Belajar dari penjualan awal yang didominasi pesanan custom hampers atau hampers pesanan, saat momen Natal dan Tahun Baru ini Sabrina lebih memilih untuk menentukan sendiri barang apa saja yang akan dimasukkannya ke dalam satu paket hampers. Menurutnya, cara itu lebih menghemat tenaga, mengingat banyaknya pesanan yang ia terima dalam periode ini.
“Penjualan mendekati Natal dan Tahun Baru ini ramai banget. Seminggu ini saya sampai begadang terus dan tidurnya kurang, karena buat ngerjain orderan yang sampai penuh. Karena kan macam-macam variannya,” jelas ibu dua anak itu.
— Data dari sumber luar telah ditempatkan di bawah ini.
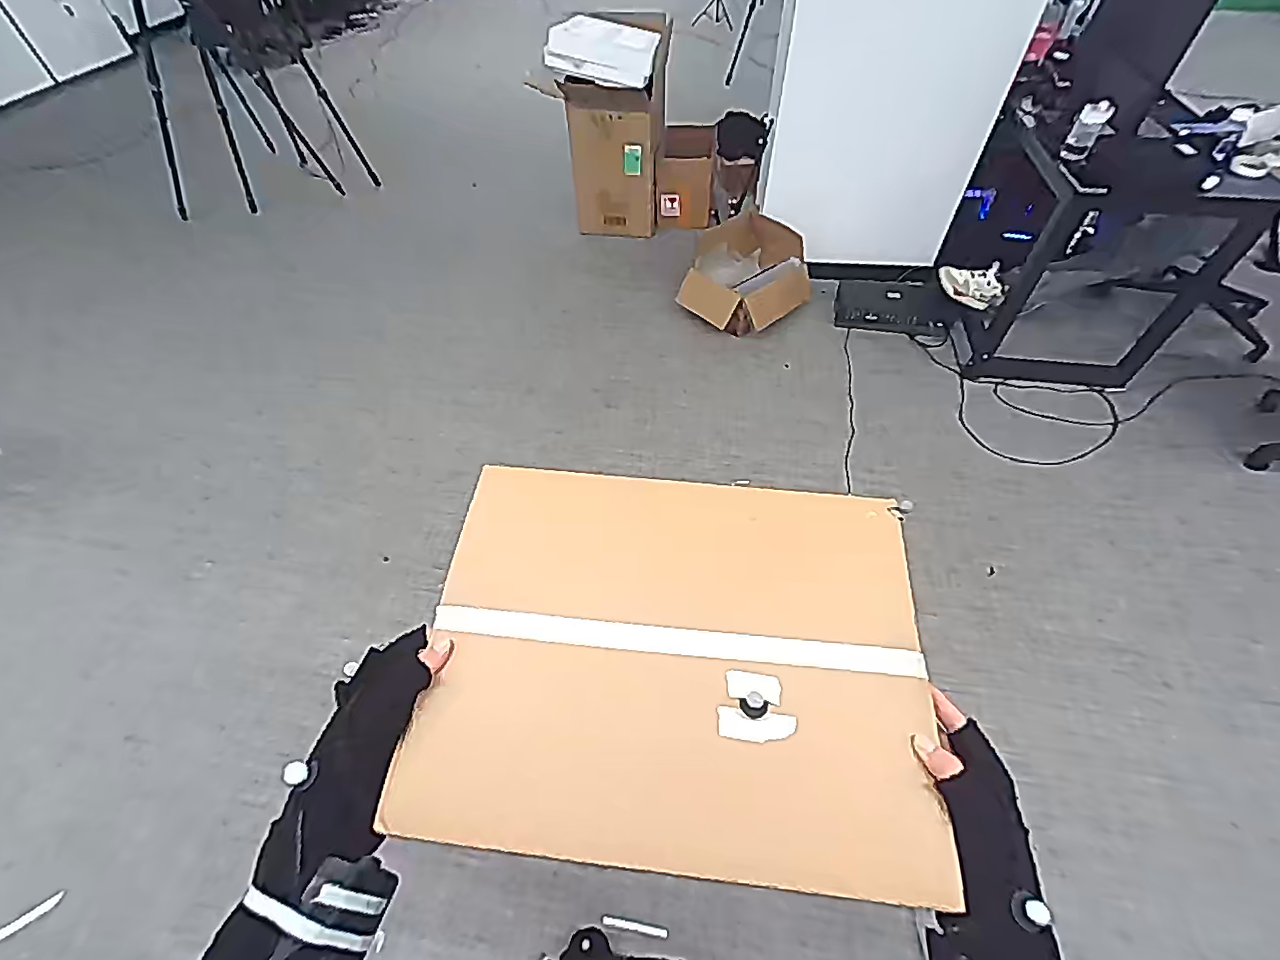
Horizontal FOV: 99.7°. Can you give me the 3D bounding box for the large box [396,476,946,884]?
[{"bbox_3d":[0.030,0.218,0.589,0.408,0.320,0.320,5,58,4],"label":"large box"}]

Adapun paket-paket hampers ditawarkan Sabrina dengan rentang harga Rp89 ribu hingga Rp350 ribu. “Yang Rp89 ribu itu kukis, terus atasnya ada kayak emasnya, isinya 2 (buah) dan dihias,” imbuhnya.
Baik Sabrina maupun Vindy dan Vina memberi saran kepada orang-orang yang ingin membuka bisnis hampers agar mencoba dulu saja. Terlebih, jenis usaha ini dapat berjalan meski hanya dengan modal tipis.
Bisnis musiman
Di sisi lain, menyambut datangnya pergantian tahun seringkali dirasa masih kurang meriah tanpa adanya tiupan terompet. Hal itu lah yang membuat terompet menjadi salah satu barang paling banyak dicari saat malam tahun baru.
Salah seorang penjual terompet, Rohmanah (43) mengaku telah menggeluti pekerjaan itu sejak 2012 silam. Saat itu, pihaknya hanya menemani suaminya berjualan di pinggir jalan Pasar Pagi Asemka. Namun saat ini, pihaknya berjualan sendiri, karena sang suami harus menjajakan mainan anak lainnya di tempat yang tak jauh dari lapaknya.
“Kalau begini kan lumayan, jadi ada dua pemasukan,” kata dia, saat ditemui Alinea.id, Minggu (27/12).
Ibu tiga anak itu mengaku hanya mengambil barang dari distributor mainan anak yang ada di kawasan Jakarta Barat. Setelahnya, dia menjual terompet yang terdiri dari tiga jenis, yakni terompet tabung dengan harga Rp20 ribu per buah, terompet tiup kecil dengan harga Rp25 ribu dan terompet tiup besar dengan harga Rp35 ribu.
Berbeda dengan tahun-tahun sebelumnya, tahun ini Rohmanah hanya menjual terompet plastik tanpa menjual terompet kertas. Selain memiliki nilai jual lebih tinggi, terompet plastik juga lebih mudah dicari.
“Terompet kertas sekarang sudah jarang ada, jarang yang bikin, makanya yang jual juga sekarang ikut kurang,” imbuh dia.
Sementara itu, sejak awal berjualan terompet, wanita yang tinggal di kawasan Glodok itu mengaku dapat mengantongi keuntungan lumayan besar. Meski pihaknya tak memungkiri, pendapatan yang diperolehnya semakin turun tiap tahun, terutama tahun ini. “Tapi masih lumayan lah, enggak pernah tekor sampai sekarang,” imbuh dia.